Le développement immobilier est prohibé sur le mont Bernard, Bromont a refusé les lots qui devaient s’y trouver. «Pour l’instant, c’est la position de la municipalité. Elle a dit qu’elle ne souhaiterait pas que le mont Bernard se développe», ajoute M. Bougie. Ces conclusions ne font cependant pas le bonheur des citoyens.
«On se demande ce que ça prend de plus pour que le conseil accepte un moratoire et prenne un certain recul pour reconsidérer le projet. C’est l’âme de Bromont», a lancé l’ex-maire Robert Désourdy qui a déposé la pétition. «Ça ne sert à rien de bousculer ce projet.
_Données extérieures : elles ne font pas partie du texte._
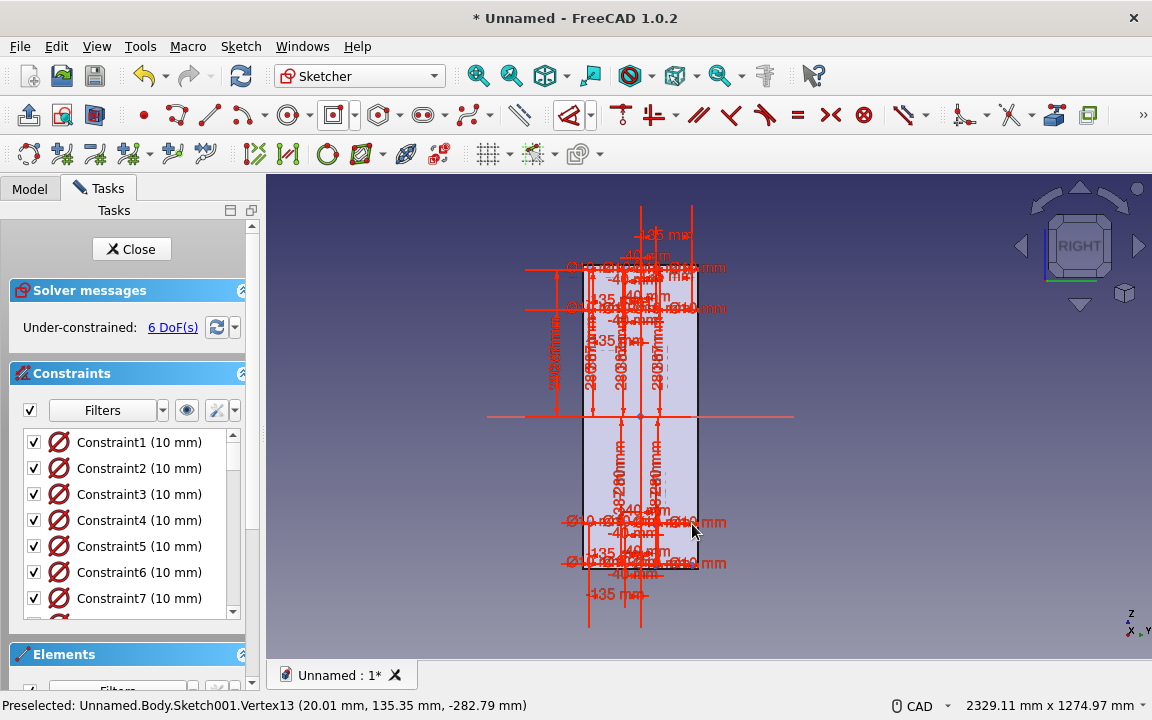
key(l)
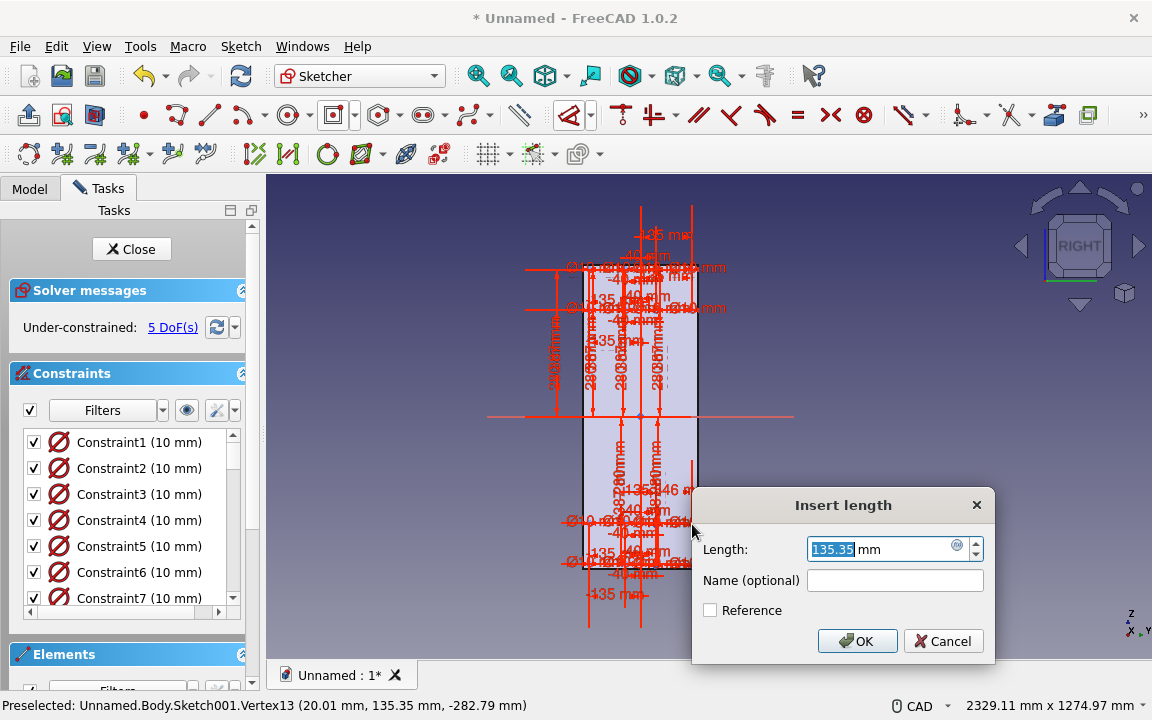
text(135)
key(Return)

Les sommets vont toujours rester là», a renchéri Raynald Meunier qui réside à Bromont depuis 30 ans.
Pauline Quinlan a tenu mordicus à rappeler, sous de fortes protestations, que les élus avaient «démontré que le projet tenait compte de ce que voulait les citoyens, soit protéger les sommets.»
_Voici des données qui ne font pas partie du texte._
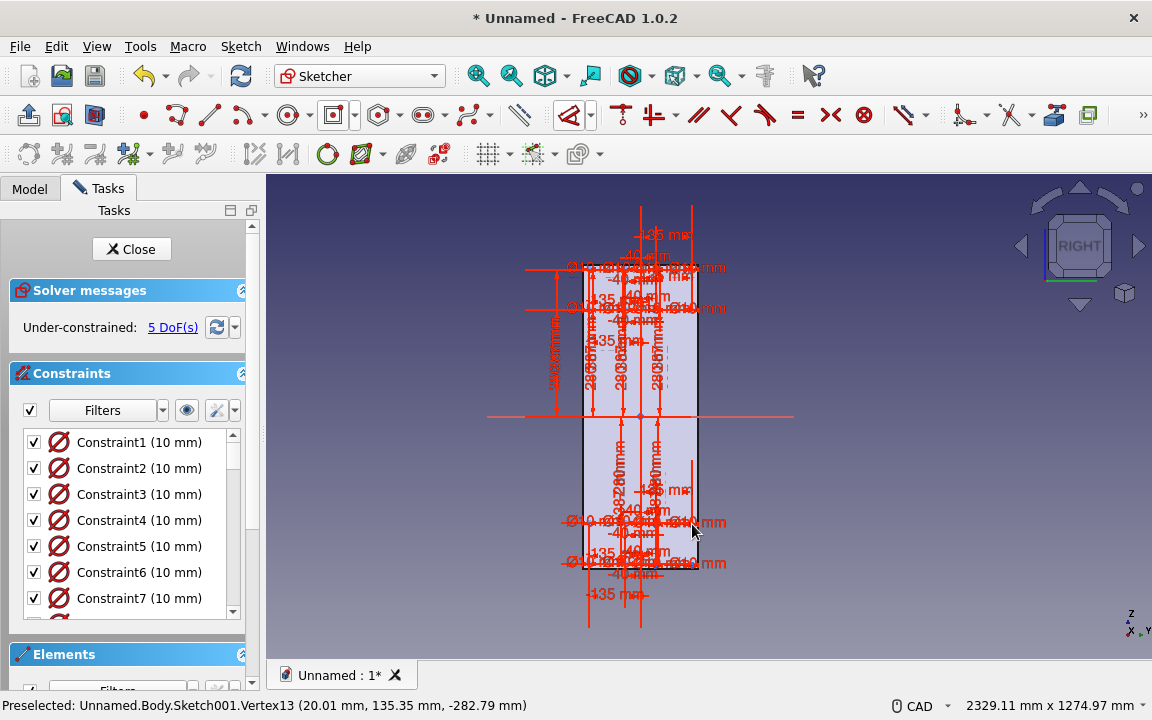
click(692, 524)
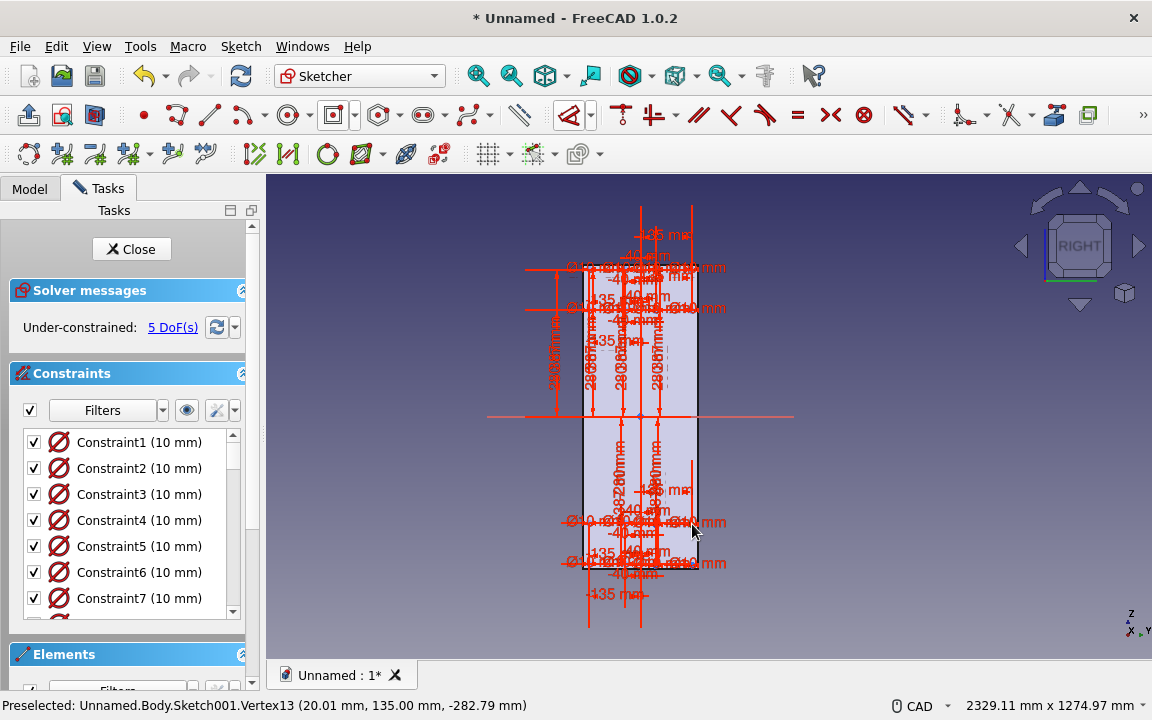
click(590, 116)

«On a pris la peine de publier un avis public et de tenir une séance d’information à l’automne. Le projet du Val 8, avec les exigences de la ville, est un projet intégré qui respecte le couvert forestier», a ajouté la conseillère Anie Perreault.
Un espace vert public
Le groupe de protestataires demande aux élus bromontois d’acheter les terrains visés par le projet afin d’y aménager un parc et un réseau de sentiers municipal. «Protégeons nos espaces en parc pour les jeunes. On pense que ça devrait être un parc pour les générations à venir comme le parc Jean-Drapeau à Montréal, a indiqué Gérald Désourdy. Il faudrait que la ville trouve une façon d’acquérir le terrain afin d’en faire un parc municipal, provincial ou fédéral. C’est une chose qui mérite d’être discutée, de là un moratoire. C’est le seul diamant intact qui pourrait être aux citoyens.»
«Je suis contre la dette, mais je serais heureux de m’endetter pour les générations futures. Ce serait une dette d’honneur», a renchéri le citoyen Marc Deslandes en faisant référence aux Bois de Boulogne, Hyde Park et Central Park de ce monde.
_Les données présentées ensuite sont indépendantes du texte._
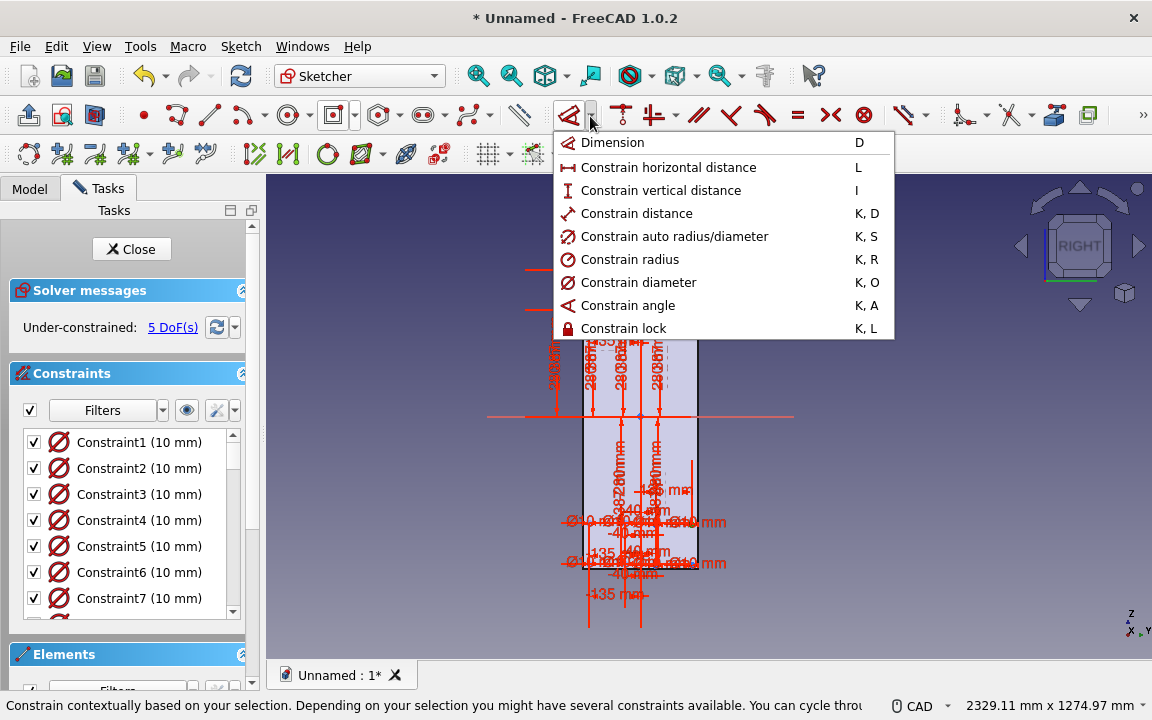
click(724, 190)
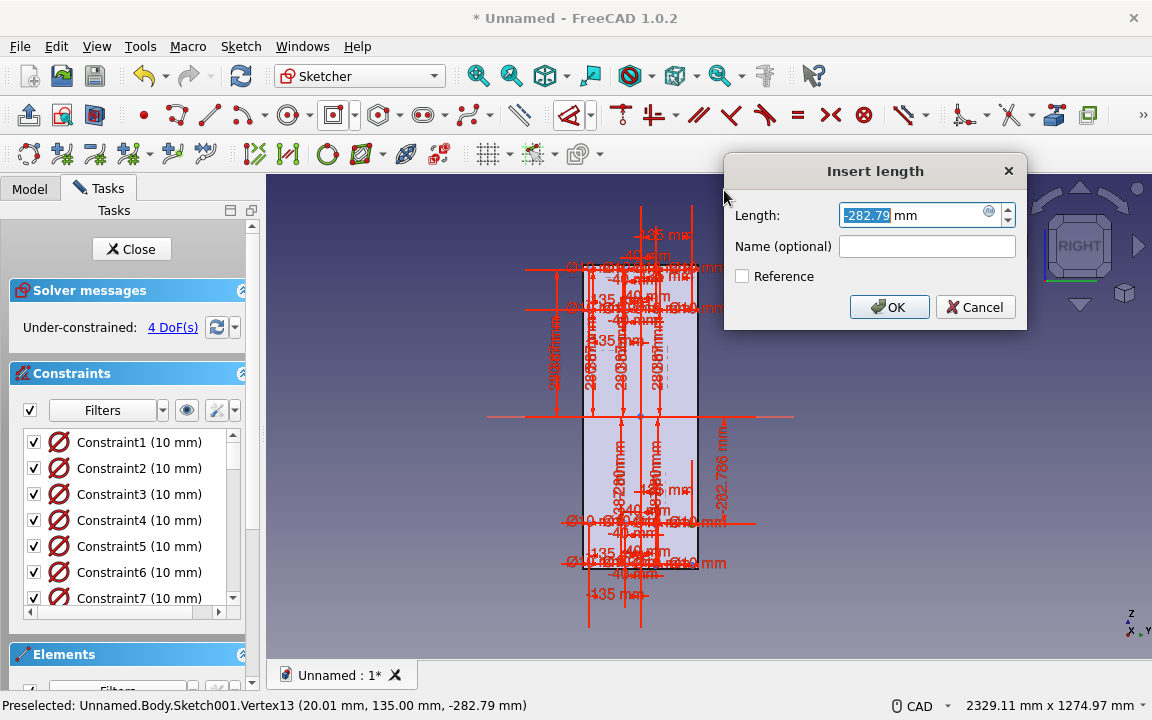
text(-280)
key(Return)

Au terme de la période de questions qui a duré près de 90 minutes, Robert Désourdy s’est dit très heureux de la mobilisation citoyenne et mise sur une consultation populaire. «On a demandé un référendum. Ce sera la solution. Il y a des pro-maisons et des pro-parcs. C’est un sujet sensible. Ça touche tout le monde», indique-t-il.
La tenue d’un référendum pourrait être possible aux yeux de Pauline Quinlan. «Une municipalité a plusieurs outils pour analyser des projets et le référendum fait partie des outils. On a pris beaucoup de temps pour monter ce projet. Ce soir, on a réalisé de part et d’autre qu’il faut discuter. On entend communiquer. Ce n’est pas demain matin que ça va débuter. Rome ne s’est pas bâtie en un jour. On réalise que les gens sont attachés. Ils l’ont fréquenté même si ce sont des terrains privés.»
Pétition valide?
Les adresses des quelques 800 signataires étaient les grandes absentes de la pétition déposée par les citoyens, mardi soir, si bien que sa «qualité» a été questionnée. «Ceux qui signent en ligne, d’où viennent-ils? De Bromont ou d’ailleurs? Internet, ça traverse les frontières», s’est interrogée Pauline Quinlan. Une réflexion que partage Luc Bougie. «Il faut évaluer la pétition avec rigueur. Est-ce que tous les signataires viennent de Bromont. Y a-t-il des nicknames?»
Malgré cette carence de taille, elle a été acceptée par Richard Joyal, des services administratifs de la Ville. Les responsables de la pétition comptent toutefois se reprendre. «Ça nous prend des signatures avec le nom et l’adresse. On va aller chercher des numéros de téléphone s’il le faut. On va travailler fort», a conclu Gérald Désourdy.